CHICAGO (Reuters) - U.S. retailers posted their best monthly sales performance since just before the recession started in 2007, as lean inventories meant they did not need to resort to steep discounts.
The February results are the latest indication that consumers are coming out of hibernation, although many of the largest retailers do not report monthly sales data.
Three-quarters of the 28 retailers in the Thomson Reuters index beat expectations.
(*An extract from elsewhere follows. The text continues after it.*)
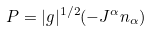Convert formula to latex. <formula><loc_0><loc_0><loc_500><loc_500>P = | g | ^ { 1 / 2 } ( - J ^ { \alpha } n _ { \alpha } )</formula>

Sales could have been even better, but record-setting snow in much of the eastern part of the country curbed gains, retailers said.
“We’re going on four or five months here of continuous incremental growth,” said Janet Hoffman, global managing director of Accenture’s Retail practice. “It’s not breakaway spending, but I think that there is enough evidence to tell us that the consumer is happy to be back in the marketplace shopping.”
Even retailers in sectors that have struggled in the past year, like department stores, were able to beat expectations. Macy’s (M.N) said sales at stores open at least a year increased 3.7 percent in February, and Dillard’s (DDS.N) reported a 2 percent rise.
Teen apparel retailer Abercrombie & Fitch Co (ANF.N), another long-time laggard, posted a surprise 5 percent increase in same-store sales instead of the 6.9 percent decline analysts on average expected.
“Retailers have really done a great job of limiting their inventories, so they weren’t stuck with a lot of stuff that they had to drastically mark down,” said Ken Perkins, president of Retail Metrics.
The Standard & Poor's Retail Index .RLX was up 1 percent on Thursday afternoon, its highest level since December 2007, while the S&P 500 .SPX was little changed. Since the start of February, the retail index has risen 7.5 percent, outpacing a 2.8 percent gain for the S&P 500.
Top gainers included Abercrombie, whose shares rose 11.6 percent; fellow teen retailer Zumiez (ZUMZ.O), up 11.7 percent; and Family Dollar Stores Inc FDO.N, up 8.4 percent after the low-priced chain raised its quarterly earnings forecast.
February, typically the slowest sales month of the year, also benefited from weak comparisons with the year-earlier month, when consumers reined in spending during the height of the recession, shopping only for deeply discounted merchandise.
Macy’s same-store sales would have risen 5 percent without the snow, Chief Executive Officer Terry Lundgren said in a statement.
The Thomson Reuters same-store sales index rose 4 percent in February, compared with expectations for a 2.9 percent rise and a year-earlier drop of 4.7 percent. This year’s results were the best for February since 2005, when same-store sales rose 5.7 percent, according to Thomson Reuters.
February sales also showed the biggest gain since November 2007, a month before the recession started, said Michael Niemira, chief economist for the International Council of Shopping Centers. ICSC’s same-store sales index rose 3.7 percent in February, and the group forecast a 2.5 percent increase for March.
March sales will benefit from an earlier Easter than last year.
But the U.S. economic recovery is still tentative. U.S. consumer confidence sagged to a 10-month low in February amid worries about unemployment and government gridlock, which could also cap any rebound in the retail sector.
At the same time, shares of many retailers have had a strong run in the past month and are getting expensive, said Wall Street Strategies analyst Brian Sozzi.
“The discount sector’s stocks still have value, but specialty retailers are coming to the point where they are fully valued -- you want to pull back on some of these stocks,” Sozzi said. “The second half of 2010 will be tough because it will be hard to keep improving their gross and operating margins.”
Teen retailers like Abercrombie and Zumiez were a surprise bright spot as younger customers seemed to take to spring fashion. Sales of denim were strong at chains like Buckle Inc (BKE.N) and Wet Seal WTSLA.O, helping a sector that was expected to lag.
Gap Inc (GPS.N) also surprised as same-store sales rose 3 percent, compared with expectations for a 1.8 percent increase.
Lower-priced retailers also fared well, with Target Corp (TGT.N) posting a 2.4 percent increase, compared with analysts’ expectations for a 1 percent gain. TJX Cos Inc (TJX.N) had a 10 percent rise, beating an 8.9 percent estimate.
Family Dollar posted a same-store sales rise of 3.6 percent for the quarter that ended February 28 and said it expected earnings for the period to beat analysts’ estimates.
Snowfall at times shut down cities like Philadelphia, Baltimore and Washington last month. Even in Manhattan, heavy storms on February 10 and February 25 made it difficult to get around. That may have limited traffic in stores, but the higher selling prices lifted sales, analysts said.
And the snow missed the three-day weekend that included Valentine’s Day and President’s Day, key shopping days in February.
Monthly sales data provide a snapshot at certain retailers but are less reliable as a measure of the economy as a whole, since industry leader Wal-Mart Stores Inc (WMT.N) and other major companies like Best Buy Co Inc (BBY.N) and Amazon.com (AMZN.O) do not report sales figures each month.